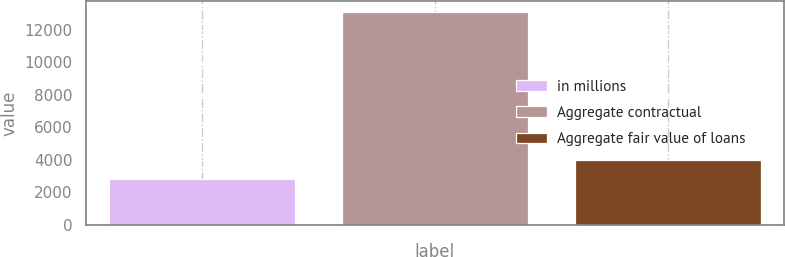<chart> <loc_0><loc_0><loc_500><loc_500><bar_chart><fcel>in millions<fcel>Aggregate contractual<fcel>Aggregate fair value of loans<nl><fcel>2839.7<fcel>13106<fcel>3980.4<nl></chart> 
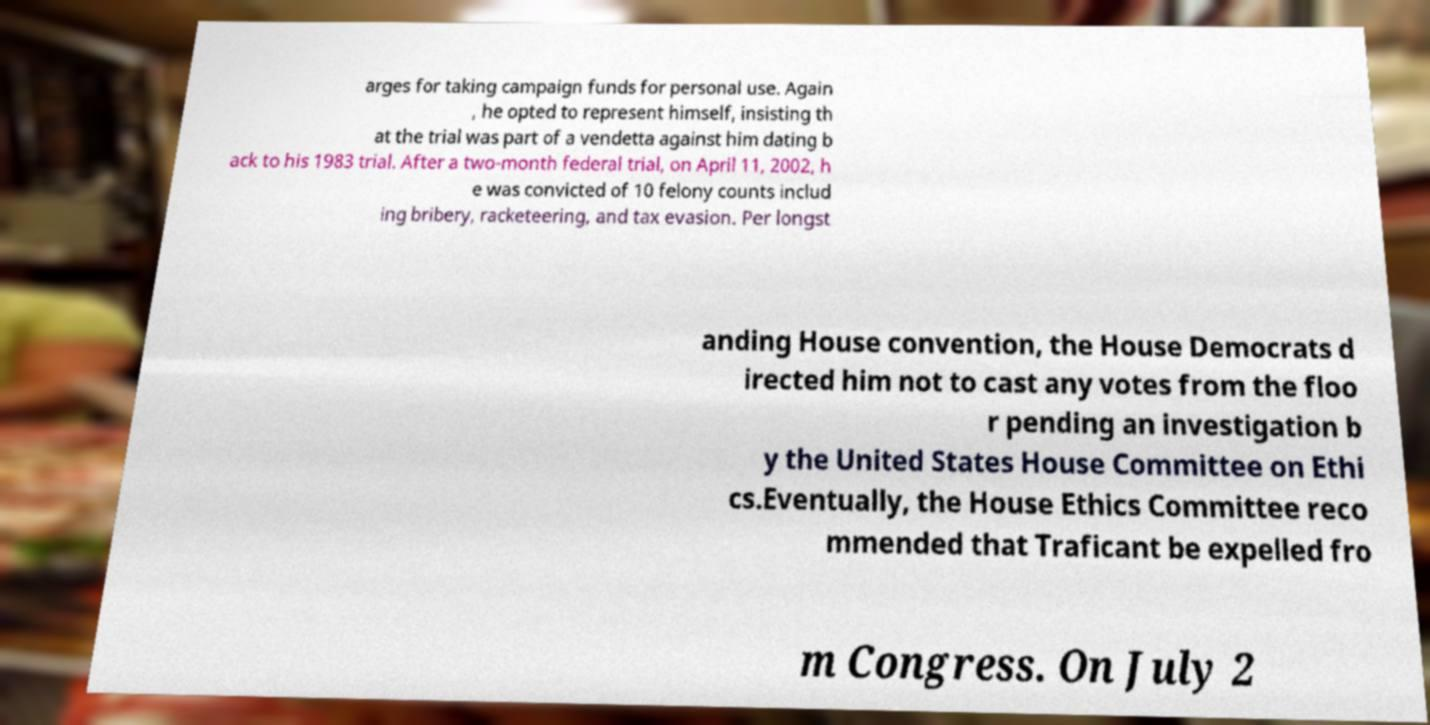Can you read and provide the text displayed in the image?This photo seems to have some interesting text. Can you extract and type it out for me? arges for taking campaign funds for personal use. Again , he opted to represent himself, insisting th at the trial was part of a vendetta against him dating b ack to his 1983 trial. After a two-month federal trial, on April 11, 2002, h e was convicted of 10 felony counts includ ing bribery, racketeering, and tax evasion. Per longst anding House convention, the House Democrats d irected him not to cast any votes from the floo r pending an investigation b y the United States House Committee on Ethi cs.Eventually, the House Ethics Committee reco mmended that Traficant be expelled fro m Congress. On July 2 
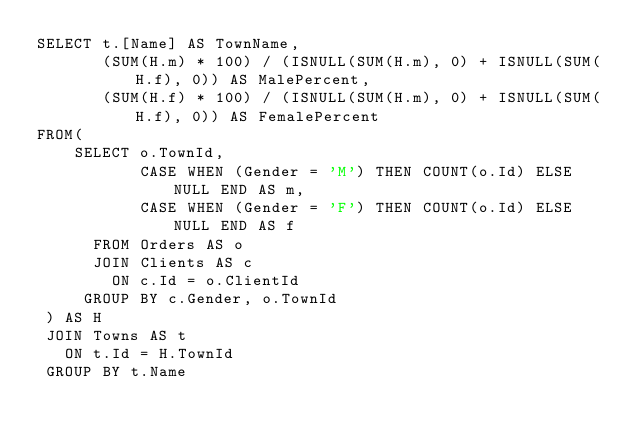<code> <loc_0><loc_0><loc_500><loc_500><_SQL_>SELECT t.[Name] AS TownName,
	   (SUM(H.m) * 100) / (ISNULL(SUM(H.m), 0) + ISNULL(SUM(H.f), 0)) AS MalePercent,
	   (SUM(H.f) * 100) / (ISNULL(SUM(H.m), 0) + ISNULL(SUM(H.f), 0)) AS FemalePercent
FROM(
	SELECT o.TownId, 
		   CASE WHEN (Gender = 'M') THEN COUNT(o.Id) ELSE NULL END AS m,
		   CASE WHEN (Gender = 'F') THEN COUNT(o.Id) ELSE NULL END AS f
	  FROM Orders AS o
	  JOIN Clients AS c
		ON c.Id = o.ClientId
	 GROUP BY c.Gender, o.TownId
 ) AS H
 JOIN Towns AS t
   ON t.Id = H.TownId
 GROUP BY t.Name</code> 
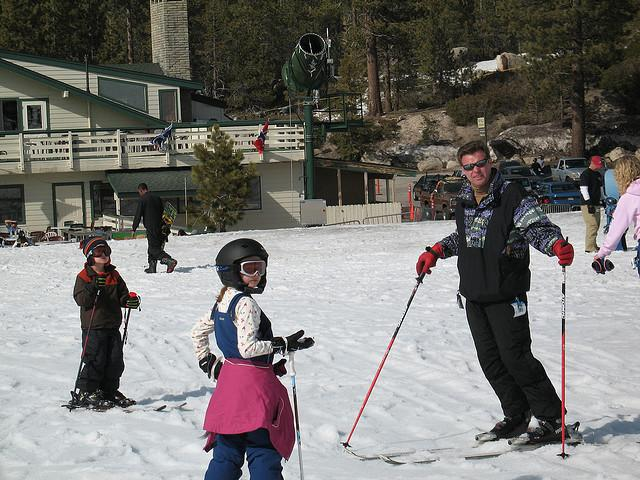What is the man in black behind the child walking away with? snowboard 
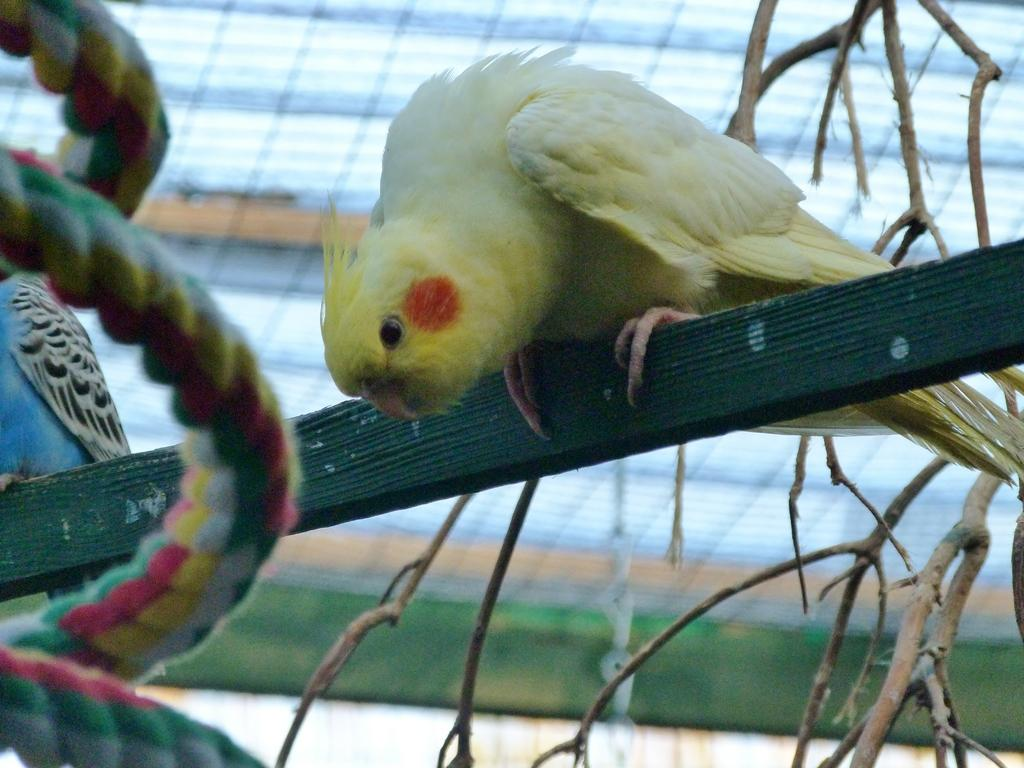What type of animals can be seen in the image? There are birds in the image. Where are the birds located? The birds are on a wood stick in the image. What other objects can be seen in the image? There is a rope and a stem in the image. How many quivers can be seen in the image? There are no quivers present in the image. What color are the birds' toes in the image? The image does not show the birds' toes, so it cannot be determined what color they are. 
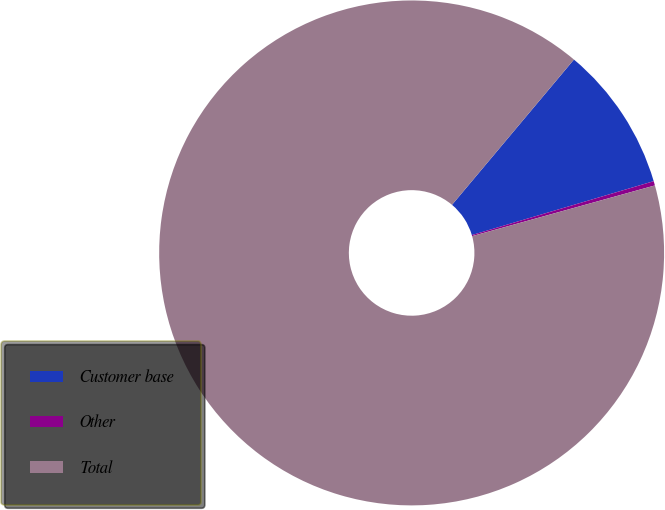Convert chart to OTSL. <chart><loc_0><loc_0><loc_500><loc_500><pie_chart><fcel>Customer base<fcel>Other<fcel>Total<nl><fcel>9.3%<fcel>0.28%<fcel>90.42%<nl></chart> 
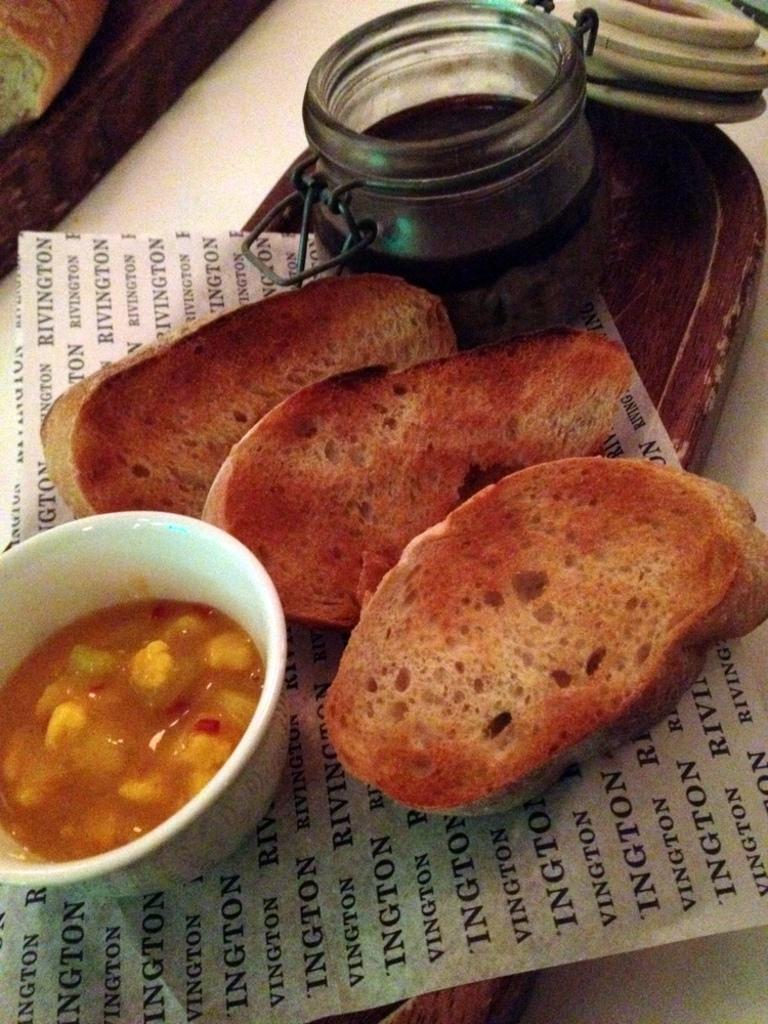What piece of furniture is present in the image? There is a table in the image. What is placed on the table? There is a plate on the table. What can be found on the plate? There are food items on the plate. Is there any additional item on the table? Yes, there is a paper on the table. Are there any trains visible on the table in the image? No, there are no trains present in the image. Is there a sink visible on the table in the image? No, there is no sink present in the image.
************
WHAT YOU SHOULD DO >>
Of all the lines in the records, how many have the word "WHEN"? Write only the number.

ANSWER TO THE EXERCISE >>
2